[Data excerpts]
►
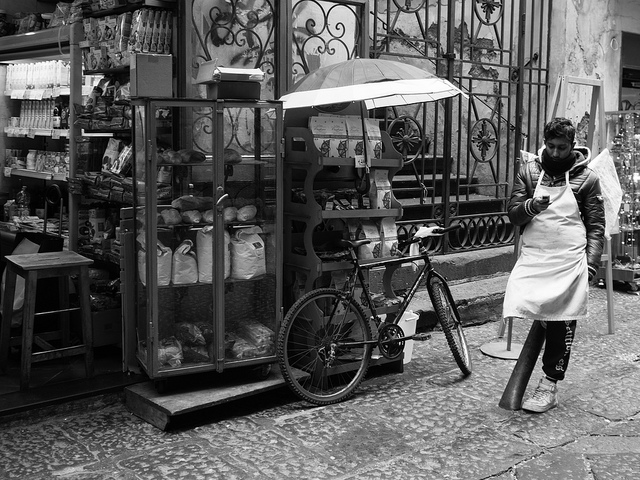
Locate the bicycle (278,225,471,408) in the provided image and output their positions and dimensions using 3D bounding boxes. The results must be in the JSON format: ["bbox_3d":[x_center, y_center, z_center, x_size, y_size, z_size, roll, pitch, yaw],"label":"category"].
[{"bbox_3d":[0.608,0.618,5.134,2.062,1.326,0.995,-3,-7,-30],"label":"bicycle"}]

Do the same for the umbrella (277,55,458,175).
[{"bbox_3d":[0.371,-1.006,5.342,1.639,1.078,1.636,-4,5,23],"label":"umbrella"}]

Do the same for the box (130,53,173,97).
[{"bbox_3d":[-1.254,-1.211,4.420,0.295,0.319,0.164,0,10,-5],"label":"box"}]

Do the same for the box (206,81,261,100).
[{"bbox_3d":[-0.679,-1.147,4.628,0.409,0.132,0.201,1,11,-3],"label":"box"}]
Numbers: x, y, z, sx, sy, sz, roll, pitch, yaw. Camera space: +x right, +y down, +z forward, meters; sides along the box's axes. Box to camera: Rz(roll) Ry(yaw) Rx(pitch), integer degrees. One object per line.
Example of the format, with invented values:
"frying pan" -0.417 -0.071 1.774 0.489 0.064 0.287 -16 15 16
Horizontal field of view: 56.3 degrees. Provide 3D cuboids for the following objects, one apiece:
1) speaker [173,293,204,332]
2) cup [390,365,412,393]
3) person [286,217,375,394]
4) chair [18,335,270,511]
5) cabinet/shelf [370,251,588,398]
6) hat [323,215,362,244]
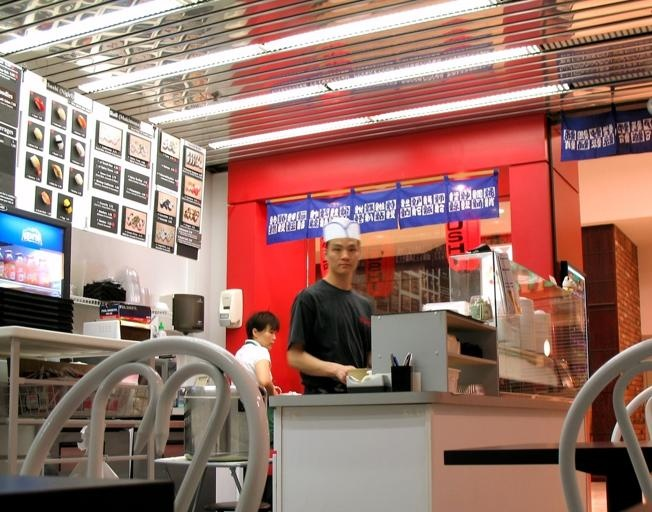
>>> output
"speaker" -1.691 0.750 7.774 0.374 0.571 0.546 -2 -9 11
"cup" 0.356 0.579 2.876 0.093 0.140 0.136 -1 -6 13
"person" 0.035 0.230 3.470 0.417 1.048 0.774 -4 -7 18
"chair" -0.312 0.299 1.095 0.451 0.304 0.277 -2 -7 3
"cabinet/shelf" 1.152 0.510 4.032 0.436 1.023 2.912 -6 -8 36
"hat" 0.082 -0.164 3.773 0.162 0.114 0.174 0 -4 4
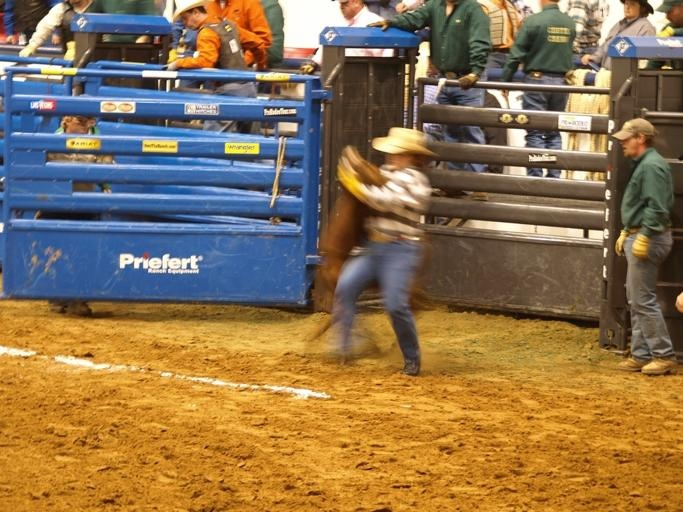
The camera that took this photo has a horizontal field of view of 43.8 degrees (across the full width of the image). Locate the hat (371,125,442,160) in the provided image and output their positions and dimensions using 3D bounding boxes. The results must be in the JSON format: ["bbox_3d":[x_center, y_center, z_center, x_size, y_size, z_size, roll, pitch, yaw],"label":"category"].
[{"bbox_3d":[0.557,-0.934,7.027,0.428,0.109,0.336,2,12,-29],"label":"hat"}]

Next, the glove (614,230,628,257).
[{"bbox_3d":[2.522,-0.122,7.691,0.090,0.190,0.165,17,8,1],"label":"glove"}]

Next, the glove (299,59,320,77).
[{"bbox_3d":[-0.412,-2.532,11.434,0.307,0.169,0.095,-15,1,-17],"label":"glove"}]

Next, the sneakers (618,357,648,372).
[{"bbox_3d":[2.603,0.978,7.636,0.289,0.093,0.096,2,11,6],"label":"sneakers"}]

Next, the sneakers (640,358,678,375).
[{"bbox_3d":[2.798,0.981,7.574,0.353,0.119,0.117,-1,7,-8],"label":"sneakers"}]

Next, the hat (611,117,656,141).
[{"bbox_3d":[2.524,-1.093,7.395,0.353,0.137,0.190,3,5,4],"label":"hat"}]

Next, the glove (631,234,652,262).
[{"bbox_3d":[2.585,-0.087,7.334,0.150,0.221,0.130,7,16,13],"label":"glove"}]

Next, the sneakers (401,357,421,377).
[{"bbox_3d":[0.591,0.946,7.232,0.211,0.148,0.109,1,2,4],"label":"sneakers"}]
◄
• **WHAT YOU HAVE TO DO**: Copy out only the lines above from the one with "4) chair [18,335,270,511]" to the one with "6) hat [323,215,362,244]", inclusive, exactly as they stand.

• **EXERCISE ANSWER**:
4) chair [18,335,270,511]
5) cabinet/shelf [370,251,588,398]
6) hat [323,215,362,244]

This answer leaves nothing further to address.